ENTRIES SUPPLIED: Begin

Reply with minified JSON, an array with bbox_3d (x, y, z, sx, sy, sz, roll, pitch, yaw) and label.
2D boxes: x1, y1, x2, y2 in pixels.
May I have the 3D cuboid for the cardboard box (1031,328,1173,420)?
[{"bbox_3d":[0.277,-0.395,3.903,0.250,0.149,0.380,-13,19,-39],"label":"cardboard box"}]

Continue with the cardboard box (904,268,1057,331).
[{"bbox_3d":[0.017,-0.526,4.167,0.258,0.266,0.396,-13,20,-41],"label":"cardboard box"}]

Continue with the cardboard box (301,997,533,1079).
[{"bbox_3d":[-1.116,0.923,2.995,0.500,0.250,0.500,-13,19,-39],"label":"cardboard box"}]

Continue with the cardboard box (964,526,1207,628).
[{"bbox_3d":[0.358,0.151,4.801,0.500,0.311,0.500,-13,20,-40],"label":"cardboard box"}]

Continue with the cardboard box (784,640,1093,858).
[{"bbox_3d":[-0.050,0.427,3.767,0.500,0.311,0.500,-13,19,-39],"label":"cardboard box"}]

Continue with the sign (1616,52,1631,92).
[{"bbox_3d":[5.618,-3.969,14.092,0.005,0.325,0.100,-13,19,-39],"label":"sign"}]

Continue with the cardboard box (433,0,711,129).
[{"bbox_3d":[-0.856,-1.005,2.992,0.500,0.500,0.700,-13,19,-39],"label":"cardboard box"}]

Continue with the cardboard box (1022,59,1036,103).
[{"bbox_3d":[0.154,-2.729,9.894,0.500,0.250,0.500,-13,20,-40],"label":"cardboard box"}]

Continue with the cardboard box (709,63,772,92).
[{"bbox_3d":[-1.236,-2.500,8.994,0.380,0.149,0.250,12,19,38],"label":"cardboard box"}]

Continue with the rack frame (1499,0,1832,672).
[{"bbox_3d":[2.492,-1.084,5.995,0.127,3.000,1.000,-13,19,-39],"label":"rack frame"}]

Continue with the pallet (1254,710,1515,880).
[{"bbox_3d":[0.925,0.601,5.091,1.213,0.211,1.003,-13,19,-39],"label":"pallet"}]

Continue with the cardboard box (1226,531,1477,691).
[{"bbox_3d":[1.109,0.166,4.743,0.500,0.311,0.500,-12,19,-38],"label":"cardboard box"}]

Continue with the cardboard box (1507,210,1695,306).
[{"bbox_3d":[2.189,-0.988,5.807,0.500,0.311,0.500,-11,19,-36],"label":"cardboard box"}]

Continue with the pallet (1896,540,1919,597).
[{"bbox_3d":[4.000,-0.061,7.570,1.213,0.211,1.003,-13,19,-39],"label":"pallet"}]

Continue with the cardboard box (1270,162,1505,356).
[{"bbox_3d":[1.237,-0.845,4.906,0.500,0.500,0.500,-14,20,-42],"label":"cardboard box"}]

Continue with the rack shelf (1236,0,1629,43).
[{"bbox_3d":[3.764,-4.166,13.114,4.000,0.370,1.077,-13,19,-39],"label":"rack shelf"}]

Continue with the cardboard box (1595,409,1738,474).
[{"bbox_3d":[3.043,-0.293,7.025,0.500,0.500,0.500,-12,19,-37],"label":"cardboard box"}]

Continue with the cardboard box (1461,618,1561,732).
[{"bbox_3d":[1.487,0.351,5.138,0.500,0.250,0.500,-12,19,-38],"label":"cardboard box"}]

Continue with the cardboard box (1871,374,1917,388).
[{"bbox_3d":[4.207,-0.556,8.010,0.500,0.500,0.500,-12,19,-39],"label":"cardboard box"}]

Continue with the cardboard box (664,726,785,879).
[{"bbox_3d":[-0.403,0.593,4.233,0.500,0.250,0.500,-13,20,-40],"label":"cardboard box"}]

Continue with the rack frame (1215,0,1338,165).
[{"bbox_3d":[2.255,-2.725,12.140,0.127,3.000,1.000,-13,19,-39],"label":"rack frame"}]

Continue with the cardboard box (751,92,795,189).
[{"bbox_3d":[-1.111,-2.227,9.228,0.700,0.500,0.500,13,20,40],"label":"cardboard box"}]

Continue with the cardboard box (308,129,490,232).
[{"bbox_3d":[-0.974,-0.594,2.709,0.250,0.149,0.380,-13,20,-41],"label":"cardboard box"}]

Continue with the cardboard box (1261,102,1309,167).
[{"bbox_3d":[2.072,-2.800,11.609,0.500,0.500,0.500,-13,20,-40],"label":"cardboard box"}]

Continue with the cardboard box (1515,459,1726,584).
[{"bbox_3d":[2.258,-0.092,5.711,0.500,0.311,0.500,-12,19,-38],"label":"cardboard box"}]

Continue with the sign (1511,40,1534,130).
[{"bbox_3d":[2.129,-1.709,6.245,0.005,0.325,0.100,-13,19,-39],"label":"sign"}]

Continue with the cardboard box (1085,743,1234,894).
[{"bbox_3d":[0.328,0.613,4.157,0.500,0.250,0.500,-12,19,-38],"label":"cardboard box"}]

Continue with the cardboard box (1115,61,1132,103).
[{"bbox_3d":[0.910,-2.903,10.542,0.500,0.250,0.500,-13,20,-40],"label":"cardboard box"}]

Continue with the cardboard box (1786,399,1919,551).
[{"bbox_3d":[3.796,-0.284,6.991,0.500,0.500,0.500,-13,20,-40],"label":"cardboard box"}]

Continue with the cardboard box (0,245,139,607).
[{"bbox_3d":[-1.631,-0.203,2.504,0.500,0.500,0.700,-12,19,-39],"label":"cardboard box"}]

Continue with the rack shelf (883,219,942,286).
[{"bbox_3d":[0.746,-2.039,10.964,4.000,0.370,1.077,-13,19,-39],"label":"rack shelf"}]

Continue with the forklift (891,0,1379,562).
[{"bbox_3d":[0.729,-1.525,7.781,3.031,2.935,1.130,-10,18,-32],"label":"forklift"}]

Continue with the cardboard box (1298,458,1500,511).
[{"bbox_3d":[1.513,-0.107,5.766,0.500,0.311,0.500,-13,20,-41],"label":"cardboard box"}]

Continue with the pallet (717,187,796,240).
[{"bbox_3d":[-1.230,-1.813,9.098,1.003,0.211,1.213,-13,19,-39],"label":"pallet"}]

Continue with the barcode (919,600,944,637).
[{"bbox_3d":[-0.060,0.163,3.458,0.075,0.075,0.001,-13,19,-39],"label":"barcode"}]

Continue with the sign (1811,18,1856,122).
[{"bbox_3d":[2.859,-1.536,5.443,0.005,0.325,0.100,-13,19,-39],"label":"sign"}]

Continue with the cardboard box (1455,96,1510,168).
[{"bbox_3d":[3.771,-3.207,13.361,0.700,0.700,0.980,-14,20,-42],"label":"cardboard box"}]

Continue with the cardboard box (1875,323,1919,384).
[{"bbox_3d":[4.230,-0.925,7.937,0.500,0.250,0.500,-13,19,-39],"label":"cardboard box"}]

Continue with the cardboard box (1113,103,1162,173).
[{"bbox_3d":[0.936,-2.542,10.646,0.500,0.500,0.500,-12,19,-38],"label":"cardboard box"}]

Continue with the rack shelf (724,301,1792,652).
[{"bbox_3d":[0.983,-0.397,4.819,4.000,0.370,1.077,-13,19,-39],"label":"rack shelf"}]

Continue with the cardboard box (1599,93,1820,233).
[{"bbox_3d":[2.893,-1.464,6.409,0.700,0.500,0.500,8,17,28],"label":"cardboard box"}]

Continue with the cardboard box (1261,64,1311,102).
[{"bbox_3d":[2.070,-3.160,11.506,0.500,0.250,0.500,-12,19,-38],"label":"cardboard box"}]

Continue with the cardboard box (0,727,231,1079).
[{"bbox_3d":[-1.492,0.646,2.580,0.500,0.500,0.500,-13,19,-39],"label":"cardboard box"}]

ENTRIES SUPPLIED: End

#### [TASK STATEMENT]
Send back all of the entries exactly, with nothing missing.

#### [ANSWER TO THIS EXERCISE]
Reply with minified JSON, an array with bbox_3d (x, y, z, sx, sy, sz, roll, pitch, yaw) and label.
2D boxes: x1, y1, x2, y2 in pixels.
May I have the 3D cuboid for the cardboard box (1031,328,1173,420)?
[{"bbox_3d":[0.277,-0.395,3.903,0.250,0.149,0.380,-13,19,-39],"label":"cardboard box"}]

Continue with the cardboard box (904,268,1057,331).
[{"bbox_3d":[0.017,-0.526,4.167,0.258,0.266,0.396,-13,20,-41],"label":"cardboard box"}]

Continue with the cardboard box (301,997,533,1079).
[{"bbox_3d":[-1.116,0.923,2.995,0.500,0.250,0.500,-13,19,-39],"label":"cardboard box"}]

Continue with the cardboard box (964,526,1207,628).
[{"bbox_3d":[0.358,0.151,4.801,0.500,0.311,0.500,-13,20,-40],"label":"cardboard box"}]

Continue with the cardboard box (784,640,1093,858).
[{"bbox_3d":[-0.050,0.427,3.767,0.500,0.311,0.500,-13,19,-39],"label":"cardboard box"}]

Continue with the sign (1616,52,1631,92).
[{"bbox_3d":[5.618,-3.969,14.092,0.005,0.325,0.100,-13,19,-39],"label":"sign"}]

Continue with the cardboard box (433,0,711,129).
[{"bbox_3d":[-0.856,-1.005,2.992,0.500,0.500,0.700,-13,19,-39],"label":"cardboard box"}]

Continue with the cardboard box (1022,59,1036,103).
[{"bbox_3d":[0.154,-2.729,9.894,0.500,0.250,0.500,-13,20,-40],"label":"cardboard box"}]

Continue with the cardboard box (709,63,772,92).
[{"bbox_3d":[-1.236,-2.500,8.994,0.380,0.149,0.250,12,19,38],"label":"cardboard box"}]

Continue with the rack frame (1499,0,1832,672).
[{"bbox_3d":[2.492,-1.084,5.995,0.127,3.000,1.000,-13,19,-39],"label":"rack frame"}]

Continue with the pallet (1254,710,1515,880).
[{"bbox_3d":[0.925,0.601,5.091,1.213,0.211,1.003,-13,19,-39],"label":"pallet"}]

Continue with the cardboard box (1226,531,1477,691).
[{"bbox_3d":[1.109,0.166,4.743,0.500,0.311,0.500,-12,19,-38],"label":"cardboard box"}]

Continue with the cardboard box (1507,210,1695,306).
[{"bbox_3d":[2.189,-0.988,5.807,0.500,0.311,0.500,-11,19,-36],"label":"cardboard box"}]

Continue with the pallet (1896,540,1919,597).
[{"bbox_3d":[4.000,-0.061,7.570,1.213,0.211,1.003,-13,19,-39],"label":"pallet"}]

Continue with the cardboard box (1270,162,1505,356).
[{"bbox_3d":[1.237,-0.845,4.906,0.500,0.500,0.500,-14,20,-42],"label":"cardboard box"}]

Continue with the rack shelf (1236,0,1629,43).
[{"bbox_3d":[3.764,-4.166,13.114,4.000,0.370,1.077,-13,19,-39],"label":"rack shelf"}]

Continue with the cardboard box (1595,409,1738,474).
[{"bbox_3d":[3.043,-0.293,7.025,0.500,0.500,0.500,-12,19,-37],"label":"cardboard box"}]

Continue with the cardboard box (1461,618,1561,732).
[{"bbox_3d":[1.487,0.351,5.138,0.500,0.250,0.500,-12,19,-38],"label":"cardboard box"}]

Continue with the cardboard box (1871,374,1917,388).
[{"bbox_3d":[4.207,-0.556,8.010,0.500,0.500,0.500,-12,19,-39],"label":"cardboard box"}]

Continue with the cardboard box (664,726,785,879).
[{"bbox_3d":[-0.403,0.593,4.233,0.500,0.250,0.500,-13,20,-40],"label":"cardboard box"}]

Continue with the rack frame (1215,0,1338,165).
[{"bbox_3d":[2.255,-2.725,12.140,0.127,3.000,1.000,-13,19,-39],"label":"rack frame"}]

Continue with the cardboard box (751,92,795,189).
[{"bbox_3d":[-1.111,-2.227,9.228,0.700,0.500,0.500,13,20,40],"label":"cardboard box"}]

Continue with the cardboard box (308,129,490,232).
[{"bbox_3d":[-0.974,-0.594,2.709,0.250,0.149,0.380,-13,20,-41],"label":"cardboard box"}]

Continue with the cardboard box (1261,102,1309,167).
[{"bbox_3d":[2.072,-2.800,11.609,0.500,0.500,0.500,-13,20,-40],"label":"cardboard box"}]

Continue with the cardboard box (1515,459,1726,584).
[{"bbox_3d":[2.258,-0.092,5.711,0.500,0.311,0.500,-12,19,-38],"label":"cardboard box"}]

Continue with the sign (1511,40,1534,130).
[{"bbox_3d":[2.129,-1.709,6.245,0.005,0.325,0.100,-13,19,-39],"label":"sign"}]

Continue with the cardboard box (1085,743,1234,894).
[{"bbox_3d":[0.328,0.613,4.157,0.500,0.250,0.500,-12,19,-38],"label":"cardboard box"}]

Continue with the cardboard box (1115,61,1132,103).
[{"bbox_3d":[0.910,-2.903,10.542,0.500,0.250,0.500,-13,20,-40],"label":"cardboard box"}]

Continue with the cardboard box (1786,399,1919,551).
[{"bbox_3d":[3.796,-0.284,6.991,0.500,0.500,0.500,-13,20,-40],"label":"cardboard box"}]

Continue with the cardboard box (0,245,139,607).
[{"bbox_3d":[-1.631,-0.203,2.504,0.500,0.500,0.700,-12,19,-39],"label":"cardboard box"}]

Continue with the rack shelf (883,219,942,286).
[{"bbox_3d":[0.746,-2.039,10.964,4.000,0.370,1.077,-13,19,-39],"label":"rack shelf"}]

Continue with the forklift (891,0,1379,562).
[{"bbox_3d":[0.729,-1.525,7.781,3.031,2.935,1.130,-10,18,-32],"label":"forklift"}]

Continue with the cardboard box (1298,458,1500,511).
[{"bbox_3d":[1.513,-0.107,5.766,0.500,0.311,0.500,-13,20,-41],"label":"cardboard box"}]

Continue with the pallet (717,187,796,240).
[{"bbox_3d":[-1.230,-1.813,9.098,1.003,0.211,1.213,-13,19,-39],"label":"pallet"}]

Continue with the barcode (919,600,944,637).
[{"bbox_3d":[-0.060,0.163,3.458,0.075,0.075,0.001,-13,19,-39],"label":"barcode"}]

Continue with the sign (1811,18,1856,122).
[{"bbox_3d":[2.859,-1.536,5.443,0.005,0.325,0.100,-13,19,-39],"label":"sign"}]

Continue with the cardboard box (1455,96,1510,168).
[{"bbox_3d":[3.771,-3.207,13.361,0.700,0.700,0.980,-14,20,-42],"label":"cardboard box"}]

Continue with the cardboard box (1875,323,1919,384).
[{"bbox_3d":[4.230,-0.925,7.937,0.500,0.250,0.500,-13,19,-39],"label":"cardboard box"}]

Continue with the cardboard box (1113,103,1162,173).
[{"bbox_3d":[0.936,-2.542,10.646,0.500,0.500,0.500,-12,19,-38],"label":"cardboard box"}]

Continue with the rack shelf (724,301,1792,652).
[{"bbox_3d":[0.983,-0.397,4.819,4.000,0.370,1.077,-13,19,-39],"label":"rack shelf"}]

Continue with the cardboard box (1599,93,1820,233).
[{"bbox_3d":[2.893,-1.464,6.409,0.700,0.500,0.500,8,17,28],"label":"cardboard box"}]

Continue with the cardboard box (1261,64,1311,102).
[{"bbox_3d":[2.070,-3.160,11.506,0.500,0.250,0.500,-12,19,-38],"label":"cardboard box"}]

Continue with the cardboard box (0,727,231,1079).
[{"bbox_3d":[-1.492,0.646,2.580,0.500,0.500,0.500,-13,19,-39],"label":"cardboard box"}]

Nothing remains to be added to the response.